** DIRECTIONS **
Given the entries that follow, write out exactly the lines starting at the one containing "4. cardboard box [1582,288,1677,344]" and ending at the one containing "11. rack frame [1005,63,1017,81]", both ends included, and only those.

** DATASET CONTENT **
----
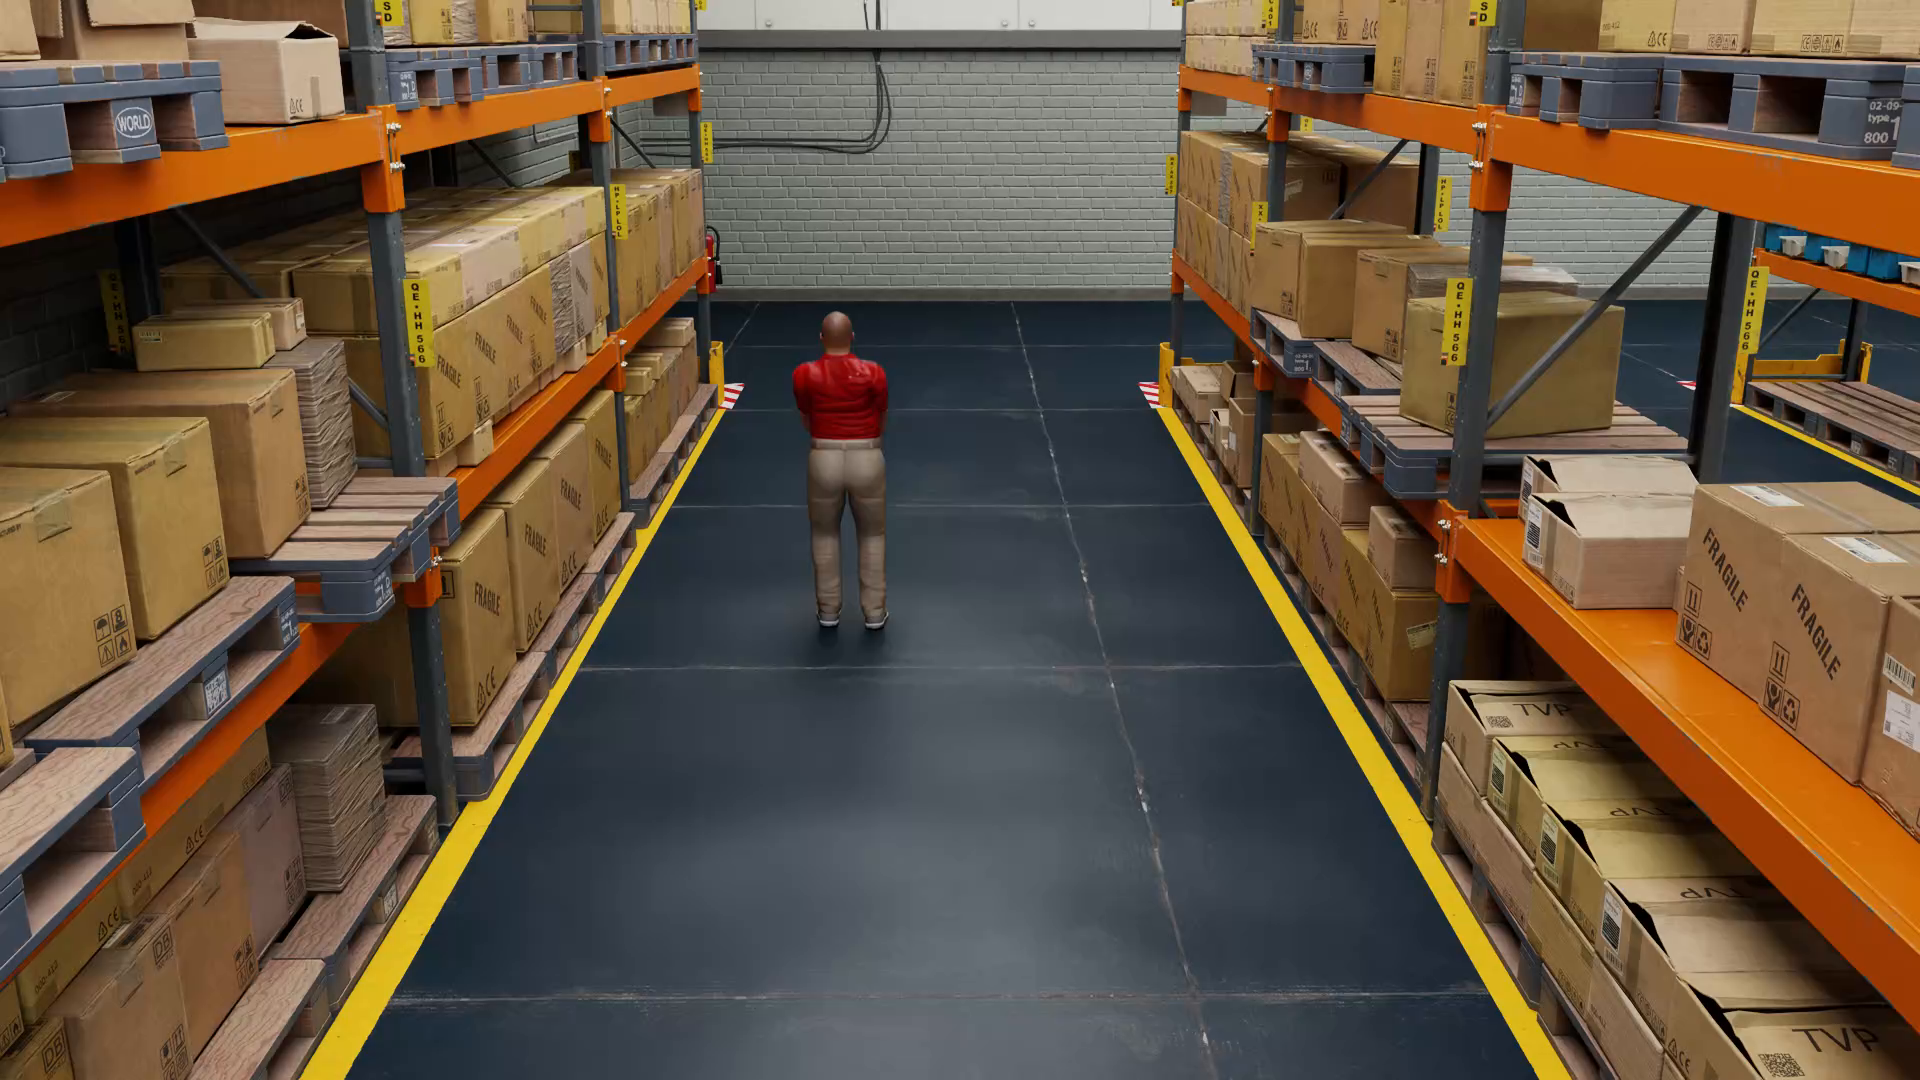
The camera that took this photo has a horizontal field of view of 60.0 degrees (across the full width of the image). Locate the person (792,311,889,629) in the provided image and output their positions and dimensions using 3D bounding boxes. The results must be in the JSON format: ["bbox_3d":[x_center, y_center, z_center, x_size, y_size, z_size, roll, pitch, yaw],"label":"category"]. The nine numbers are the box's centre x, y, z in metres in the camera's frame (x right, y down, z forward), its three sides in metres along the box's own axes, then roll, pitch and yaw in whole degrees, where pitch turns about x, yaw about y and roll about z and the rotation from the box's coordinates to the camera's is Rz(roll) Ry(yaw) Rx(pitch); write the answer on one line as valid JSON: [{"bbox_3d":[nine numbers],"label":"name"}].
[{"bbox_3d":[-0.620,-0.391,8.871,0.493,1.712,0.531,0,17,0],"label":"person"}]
----
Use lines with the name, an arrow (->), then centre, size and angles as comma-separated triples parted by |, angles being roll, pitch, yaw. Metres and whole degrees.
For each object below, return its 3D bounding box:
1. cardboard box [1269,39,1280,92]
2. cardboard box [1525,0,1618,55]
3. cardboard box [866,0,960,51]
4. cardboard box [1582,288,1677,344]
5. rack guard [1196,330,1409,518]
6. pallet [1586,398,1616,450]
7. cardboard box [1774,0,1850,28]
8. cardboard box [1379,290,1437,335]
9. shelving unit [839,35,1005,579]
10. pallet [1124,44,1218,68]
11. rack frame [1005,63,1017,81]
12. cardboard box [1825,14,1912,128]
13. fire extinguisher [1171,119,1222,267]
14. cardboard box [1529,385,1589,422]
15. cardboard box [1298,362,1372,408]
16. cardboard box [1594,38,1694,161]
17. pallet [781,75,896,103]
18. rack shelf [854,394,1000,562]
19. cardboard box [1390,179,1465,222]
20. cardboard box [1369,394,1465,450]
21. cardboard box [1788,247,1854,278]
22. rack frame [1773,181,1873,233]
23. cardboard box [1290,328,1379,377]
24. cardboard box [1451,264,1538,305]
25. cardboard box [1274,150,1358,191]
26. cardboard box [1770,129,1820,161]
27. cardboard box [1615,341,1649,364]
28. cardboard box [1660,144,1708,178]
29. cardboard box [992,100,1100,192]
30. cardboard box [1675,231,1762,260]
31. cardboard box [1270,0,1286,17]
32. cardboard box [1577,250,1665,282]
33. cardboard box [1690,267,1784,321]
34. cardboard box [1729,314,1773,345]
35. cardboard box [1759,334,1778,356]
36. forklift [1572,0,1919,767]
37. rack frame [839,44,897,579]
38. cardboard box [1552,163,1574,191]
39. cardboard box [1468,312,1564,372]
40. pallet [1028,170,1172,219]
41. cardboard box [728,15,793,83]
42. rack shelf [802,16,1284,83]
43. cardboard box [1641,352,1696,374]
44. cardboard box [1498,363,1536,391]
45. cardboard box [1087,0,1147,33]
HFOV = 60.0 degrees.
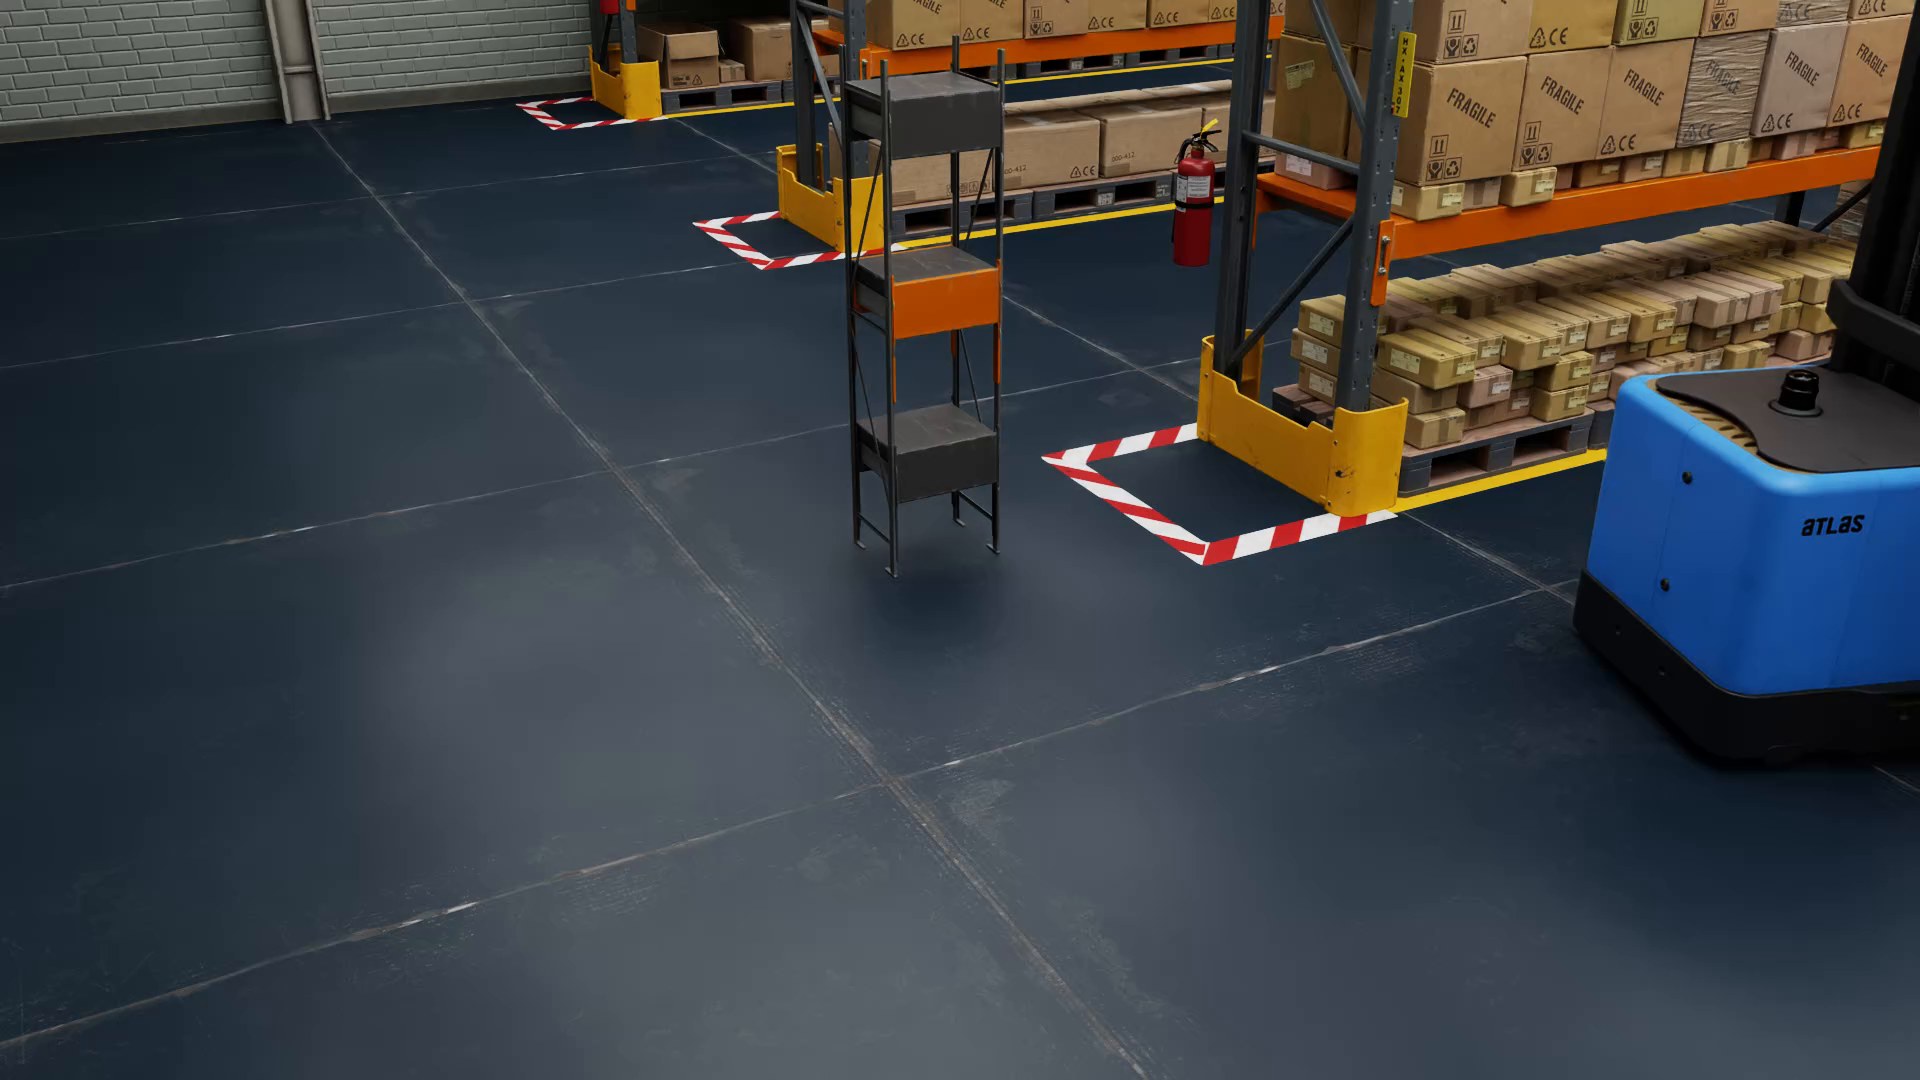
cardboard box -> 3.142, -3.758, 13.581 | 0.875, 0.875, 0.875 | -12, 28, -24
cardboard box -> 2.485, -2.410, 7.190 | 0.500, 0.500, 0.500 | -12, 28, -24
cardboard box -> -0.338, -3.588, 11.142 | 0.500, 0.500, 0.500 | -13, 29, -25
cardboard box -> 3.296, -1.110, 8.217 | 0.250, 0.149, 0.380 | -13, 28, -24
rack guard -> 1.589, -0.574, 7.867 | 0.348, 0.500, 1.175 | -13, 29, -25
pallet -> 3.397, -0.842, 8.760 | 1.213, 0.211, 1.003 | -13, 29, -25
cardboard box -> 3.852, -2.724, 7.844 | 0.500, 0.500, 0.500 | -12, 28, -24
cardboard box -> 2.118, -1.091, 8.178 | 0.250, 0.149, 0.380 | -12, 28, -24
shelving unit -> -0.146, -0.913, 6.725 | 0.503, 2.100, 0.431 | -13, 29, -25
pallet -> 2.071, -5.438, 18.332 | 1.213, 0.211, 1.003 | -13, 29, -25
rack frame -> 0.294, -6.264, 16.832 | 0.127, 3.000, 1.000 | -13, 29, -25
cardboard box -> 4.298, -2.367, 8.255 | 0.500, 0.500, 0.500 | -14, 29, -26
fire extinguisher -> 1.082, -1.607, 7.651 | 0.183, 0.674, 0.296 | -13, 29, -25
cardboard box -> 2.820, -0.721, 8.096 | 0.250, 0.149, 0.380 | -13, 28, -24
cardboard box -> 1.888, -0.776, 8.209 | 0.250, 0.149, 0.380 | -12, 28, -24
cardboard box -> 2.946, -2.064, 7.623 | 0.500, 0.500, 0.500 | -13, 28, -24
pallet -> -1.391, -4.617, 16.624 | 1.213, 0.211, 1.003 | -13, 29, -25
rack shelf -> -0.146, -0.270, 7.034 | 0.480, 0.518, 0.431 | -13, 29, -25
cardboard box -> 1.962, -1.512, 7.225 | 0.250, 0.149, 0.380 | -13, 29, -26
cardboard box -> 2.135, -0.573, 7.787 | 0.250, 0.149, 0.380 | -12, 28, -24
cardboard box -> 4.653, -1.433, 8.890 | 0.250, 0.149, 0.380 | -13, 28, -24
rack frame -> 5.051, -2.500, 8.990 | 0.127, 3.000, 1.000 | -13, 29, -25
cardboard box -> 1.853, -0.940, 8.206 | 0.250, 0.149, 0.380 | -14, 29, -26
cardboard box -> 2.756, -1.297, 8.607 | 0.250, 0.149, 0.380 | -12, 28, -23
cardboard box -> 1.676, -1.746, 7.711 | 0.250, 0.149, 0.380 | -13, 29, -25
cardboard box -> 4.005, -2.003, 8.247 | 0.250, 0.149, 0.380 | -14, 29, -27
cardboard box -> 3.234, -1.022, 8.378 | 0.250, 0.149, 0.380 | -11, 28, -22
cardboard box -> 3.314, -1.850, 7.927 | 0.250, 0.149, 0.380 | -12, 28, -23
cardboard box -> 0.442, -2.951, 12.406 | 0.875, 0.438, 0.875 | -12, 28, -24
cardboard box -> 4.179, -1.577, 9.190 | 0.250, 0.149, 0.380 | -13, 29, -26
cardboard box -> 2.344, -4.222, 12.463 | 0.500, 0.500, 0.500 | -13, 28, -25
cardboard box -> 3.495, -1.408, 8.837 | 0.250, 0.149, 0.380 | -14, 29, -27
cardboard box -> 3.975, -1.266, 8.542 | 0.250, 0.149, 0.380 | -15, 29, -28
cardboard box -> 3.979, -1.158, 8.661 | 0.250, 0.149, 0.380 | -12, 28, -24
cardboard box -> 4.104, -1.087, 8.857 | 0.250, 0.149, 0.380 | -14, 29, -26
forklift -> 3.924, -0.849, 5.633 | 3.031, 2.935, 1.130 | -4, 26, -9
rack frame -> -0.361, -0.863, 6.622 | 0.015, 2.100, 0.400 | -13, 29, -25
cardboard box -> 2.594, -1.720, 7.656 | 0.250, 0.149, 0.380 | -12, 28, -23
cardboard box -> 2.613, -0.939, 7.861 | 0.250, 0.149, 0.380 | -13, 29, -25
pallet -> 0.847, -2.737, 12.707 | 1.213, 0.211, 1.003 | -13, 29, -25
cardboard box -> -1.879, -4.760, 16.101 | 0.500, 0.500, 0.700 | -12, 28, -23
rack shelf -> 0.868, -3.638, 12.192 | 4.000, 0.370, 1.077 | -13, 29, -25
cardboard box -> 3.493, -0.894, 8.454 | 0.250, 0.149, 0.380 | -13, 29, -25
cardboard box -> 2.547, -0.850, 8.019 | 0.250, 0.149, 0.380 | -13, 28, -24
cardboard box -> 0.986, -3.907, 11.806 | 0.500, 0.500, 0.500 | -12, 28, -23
----
** EXERCISE RESPONSE **
4. cardboard box [1582,288,1677,344]
5. rack guard [1196,330,1409,518]
6. pallet [1586,398,1616,450]
7. cardboard box [1774,0,1850,28]
8. cardboard box [1379,290,1437,335]
9. shelving unit [839,35,1005,579]
10. pallet [1124,44,1218,68]
11. rack frame [1005,63,1017,81]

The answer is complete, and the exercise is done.